The U.S. Department of Agriculture (USDA) is considering a proposal to increase line speeds in pork and poultry processing plants. Its goal, they say, is to increase efficiency, lower grocery costs, and strengthen the supply chain. But policymakers, workers groups, and advocacy organizations are voicing concerns about worker and food safety, animal welfare, and negative economic consequences.
“As Secretary, my responsibility is to ensure that American families have access to affordable, safe, and abundant food,” says U.S. Secretary of Agriculture Brooke Rollins. By updating slaughterhouse regulations, the USDA aims to lower production and grocery costs, create a stronger food system, and remove barriers to efficiency.
If adopted, the proposal will raise line processing speeds to a maximum of 175 chickens per minute (from 140) and 60 turkeys per minute (from 55), and remove the limit for pigs entirely. It also eliminates the requirement that New Swine Slaughter Inspection System (NSIS) plants submit an annual attestation that documents working condition monitoring. This effectively leaves all worker safety regulation and reporting to the Occupational Safety and Health Administration (OSHA).

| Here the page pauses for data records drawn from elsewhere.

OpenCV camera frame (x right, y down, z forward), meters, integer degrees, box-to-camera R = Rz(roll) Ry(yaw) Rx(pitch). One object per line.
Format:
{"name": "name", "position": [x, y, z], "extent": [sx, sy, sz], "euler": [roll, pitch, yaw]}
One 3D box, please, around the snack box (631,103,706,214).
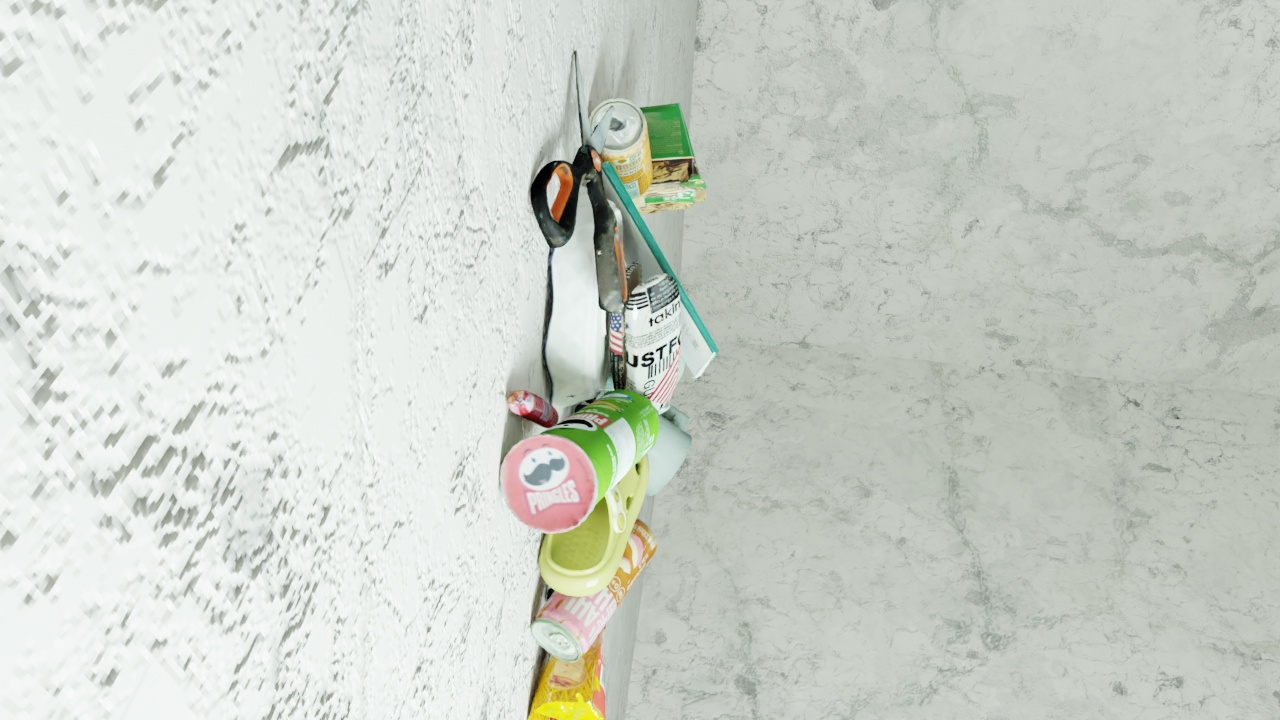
{"name": "snack box", "position": [0.012, -0.237, 1.076], "extent": [0.117, 0.118, 0.105], "euler": [56, 28, -84]}

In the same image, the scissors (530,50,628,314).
{"name": "scissors", "position": [-0.041, -0.145, 0.733], "extent": [0.223, 0.022, 0.221], "euler": [-29, 107, -68]}

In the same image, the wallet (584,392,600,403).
{"name": "wallet", "position": [-0.035, -0.022, 1.060], "extent": [0.122, 0.020, 0.096], "euler": [-53, 148, -49]}

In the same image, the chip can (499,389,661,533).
{"name": "chip can", "position": [-0.039, 0.074, 0.750], "extent": [0.235, 0.072, 0.072], "euler": [-27, 123, -76]}

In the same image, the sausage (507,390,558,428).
{"name": "sausage", "position": [-0.081, 0.037, 0.706], "extent": [0.156, 0.020, 0.020], "euler": [70, 26, -81]}

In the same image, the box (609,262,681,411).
{"name": "box", "position": [-0.010, -0.018, 0.866], "extent": [0.074, 0.079, 0.164], "euler": [-38, 145, -32]}

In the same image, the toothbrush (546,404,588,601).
{"name": "toothbrush", "position": [-0.072, 0.150, 0.947], "extent": [0.027, 0.026, 0.212], "euler": [-21, -125, 57]}

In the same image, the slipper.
{"name": "slipper", "position": [-0.045, 0.128, 0.873], "extent": [0.082, 0.092, 0.190], "euler": [87, 13, -49]}

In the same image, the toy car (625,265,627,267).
{"name": "toy car", "position": [-0.028, -0.086, 1.156], "extent": [0.122, 0.037, 0.056], "euler": [-70, 163, -70]}

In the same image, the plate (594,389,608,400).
{"name": "plate", "position": [-0.039, 0.103, 1.256], "extent": [0.265, 0.034, 0.162], "euler": [-49, 145, -83]}

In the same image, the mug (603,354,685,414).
{"name": "mug", "position": [-0.006, 0.006, 0.985], "extent": [0.106, 0.082, 0.111], "euler": [9, 56, -61]}

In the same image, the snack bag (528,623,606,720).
{"name": "snack bag", "position": [-0.061, 0.279, 0.952], "extent": [0.129, 0.073, 0.207], "euler": [-55, -162, 38]}

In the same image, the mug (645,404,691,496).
{"name": "mug", "position": [-0.002, 0.078, 1.045], "extent": [0.084, 0.103, 0.123], "euler": [-46, -167, 39]}

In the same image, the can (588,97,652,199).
{"name": "can", "position": [-0.019, -0.213, 0.939], "extent": [0.146, 0.058, 0.058], "euler": [68, 28, -81]}

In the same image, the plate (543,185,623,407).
{"name": "plate", "position": [-0.049, -0.056, 0.847], "extent": [0.205, 0.045, 0.205], "euler": [9, 87, -87]}

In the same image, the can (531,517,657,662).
{"name": "can", "position": [-0.042, 0.216, 0.886], "extent": [0.146, 0.058, 0.058], "euler": [-49, 152, -40]}

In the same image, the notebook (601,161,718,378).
{"name": "notebook", "position": [0.013, -0.084, 0.918], "extent": [0.209, 0.012, 0.150], "euler": [60, -8, 7]}

“Lifting the cap on the rate of meat slaughter shows a disturbing lack of care by USDA for the safety of the men and women working in meatpacking plants,” U.S. Senator Cory Booker (D-NJ) tells Food Tank. He adds, “Increased slaughter line speeds are inhumane for the animals and will make workers collateral damage to the meatpackers’ relentless drive toward ever higher profits.”
An average of 27 workers a day sustain severe injuries, including the loss of a body part, or require an overnight hospital stay, according to an article by Debbie Berkowitz and Patrick Dixon. The USDA’s own study finds that piece rate—a metric of job-specific line speeds and staffing levels—can cause an increase in musculoskeletal disorder, which 81 percent of plant workers are at high risk for. Of the 40 percent of workers who experience moderate to severe work-related pain, almost half did not report it to their supervisor, according to the USDA report.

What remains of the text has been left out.